The researchers presented survey participants with five different scenarios in which
a child was left alone for less than an hour. Situations ranged from a 10-month-old
who was left asleep for 15 minutes in a cool car parked in a gym’s underground garage
to an 8-year-old reading a book alone at a coffee shop a block from home for 45-minutes.
“Within a given scenario, the only thing that varied was the reason for the parent’s
absence,” said Kyle Stanford, professor and chair of logic & philosophy of science.
“These included an unintentional absence – caused by a fictitious accident in which
the mother was hit by a car and briefly knocked unconscious – and four that were planned:
leaving for work, volunteering for a charity, relaxing or meeting an illicit lover.
After reading each scenario and the reason behind each child being left alone, the
participants ranked on a scale of 1 to 10 how much estimated danger the child was
in while the parent was gone, 10 being the most risk.”
Overall, survey participants saw all of these situations as quite dangerous for children:
The average risk estimate was 6.99, and the most common ranking in all scenarios was
10. Despite identical descriptions of each set of circumstances in which children
were alone, those left alone on purpose were estimated to be in greater danger than
those whose parents left them alone unintentionally.
“In fact, children left alone on purpose are almost certainly safer than those left
alone by accident, because parents can take steps to make the situation safer, like
giving the child a phone or reviewing safety rules,” said Barbara Sarnecka, study
co-author and associate professor of cognitive sciences. “The fact that people make
the opposite judgment strongly suggests that they morally disapprove of parents who
leave their children alone, and that disapproval inflates their estimate of the risk.”
This is also born out in participants’ view of children left alone by a parent meeting
an illicit lover as being in significantly more danger than children left alone in
precisely the same circumstances by a parent who leaves in order to work, volunteer
for charity or just relax.
In scenarios where participants were asked to judge not only how much danger the child
was facing, but also whether the mother had done something morally wrong, researchers
expected the perceived risk ranking to be lower.
“We thought giving people an alternative way to express their disapproval of the parent’s
action would reduce the extent to which moral judgments influenced perceptions of
risk,” Thomas said. “But just the opposite happened. When people gave an explicit
judgment about the parent’s conduct, estimates of risk to the child were even more
inflated by moral disapproval of the parent’s reason for leaving.”
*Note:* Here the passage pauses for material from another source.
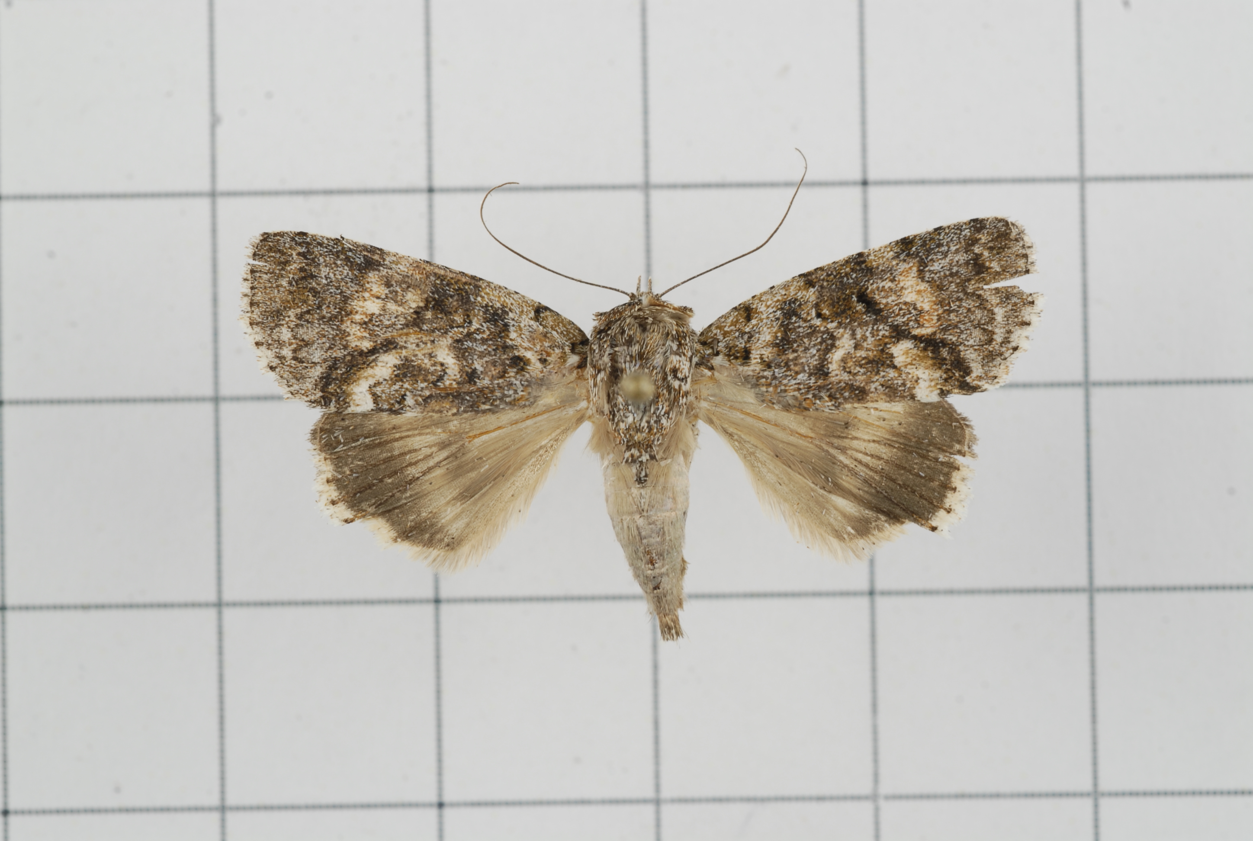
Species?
Blenina quinaria
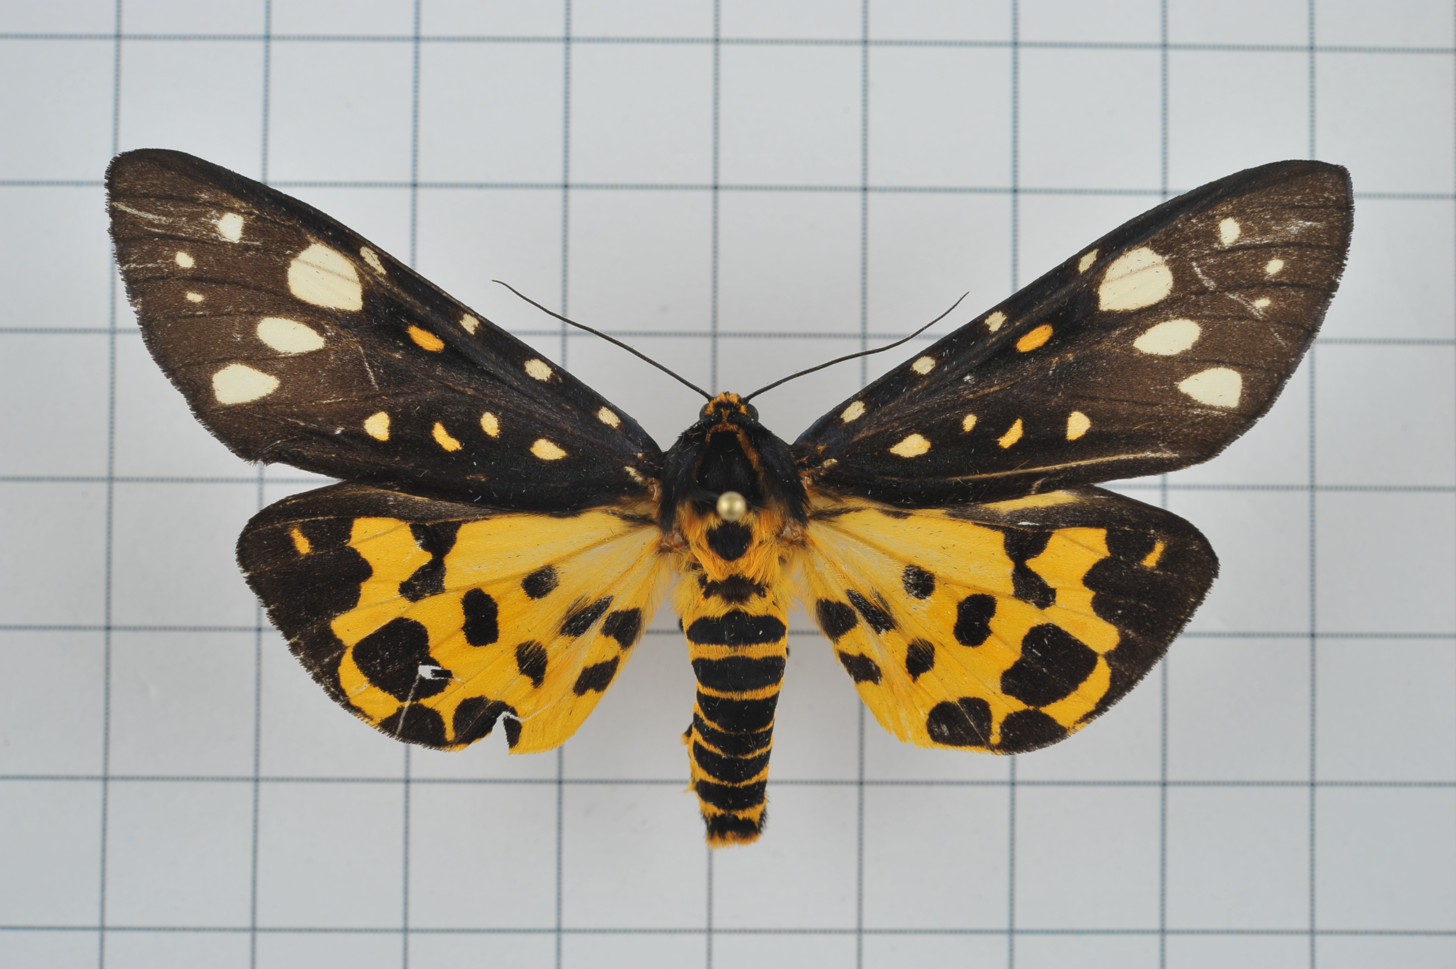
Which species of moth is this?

In fact, people’s risk estimates closely followed their judgments of whether mothers
in the scenarios had done something morally wrong. Even parents who left children
alone involuntarily were not held morally blameless, receiving an average “moral wrongness”
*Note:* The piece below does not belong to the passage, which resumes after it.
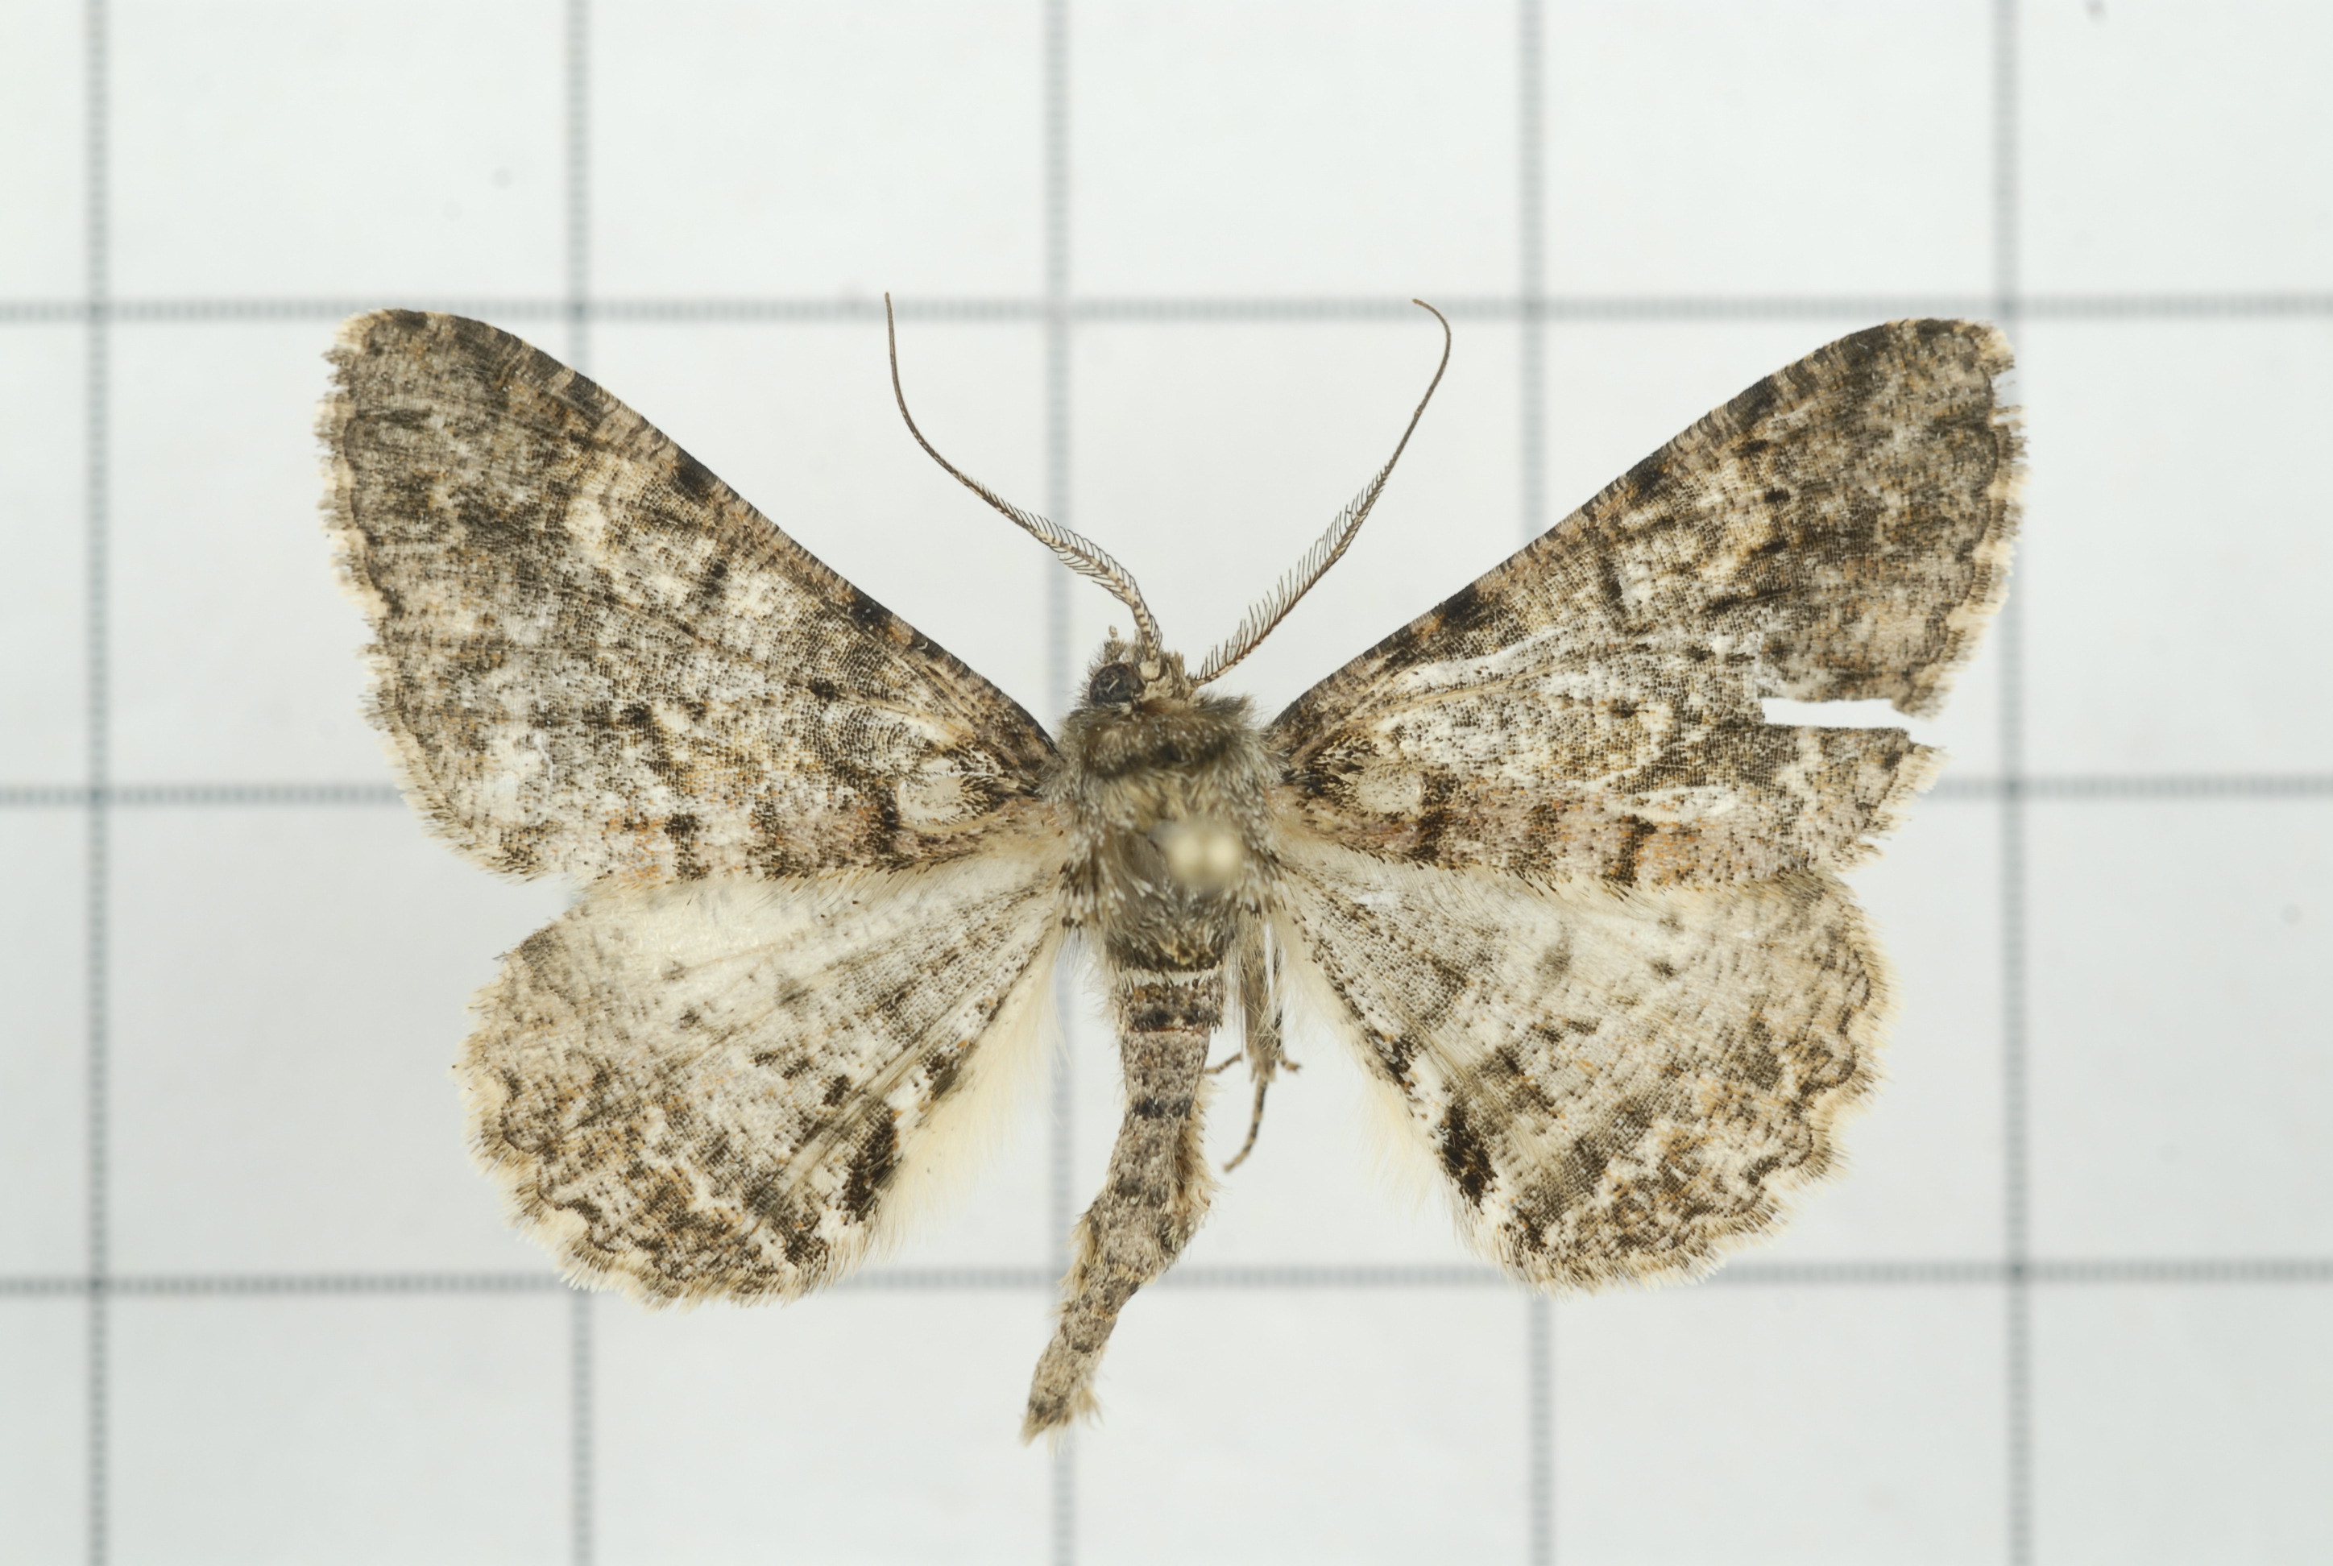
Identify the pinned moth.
Alcis taiwanovariegata

judgment of 3.05 on a 10-point scale.
The authors found another interesting pattern when they replaced mothers in the stories
with fathers: For fathers – but not mothers – a work-related absence was treated more
like an involuntary absence. This difference could stem from the view that work is
more obligatory and less of a voluntary choice for men.
“Exaggerating the risks of allowing children some unsupervised time has significant
costs besides the loss of children’s independence, freedom and opportunity to learn
how to solve problems on their own,” Sarnecka said. “As people have adopted the idea
that children must never be alone, parents increasingly face the possibility of arrest,
charges of abuse or neglect, and even incarceration for allowing their children to
play in parks, walk to school or wait in a car for a few minutes without them.”
“At a minimum,” she continued, “these findings should caution those who make and enforce
the law to distinguish evidence-based and rational assessments of risk to children
from intuitive moral judgments about parents – and to avoid investing the latter with
the force of law.”
The study involved survey responses by 1,328 participants on Amazon Mechanical Turk
ranging in age from 18 to 75, with a fairly even split of men and women and those
with and without children. Females accounted for 52 percent of respondents, while
48 percent were male; and 56.43 percent had children, while 43.57 percent did not.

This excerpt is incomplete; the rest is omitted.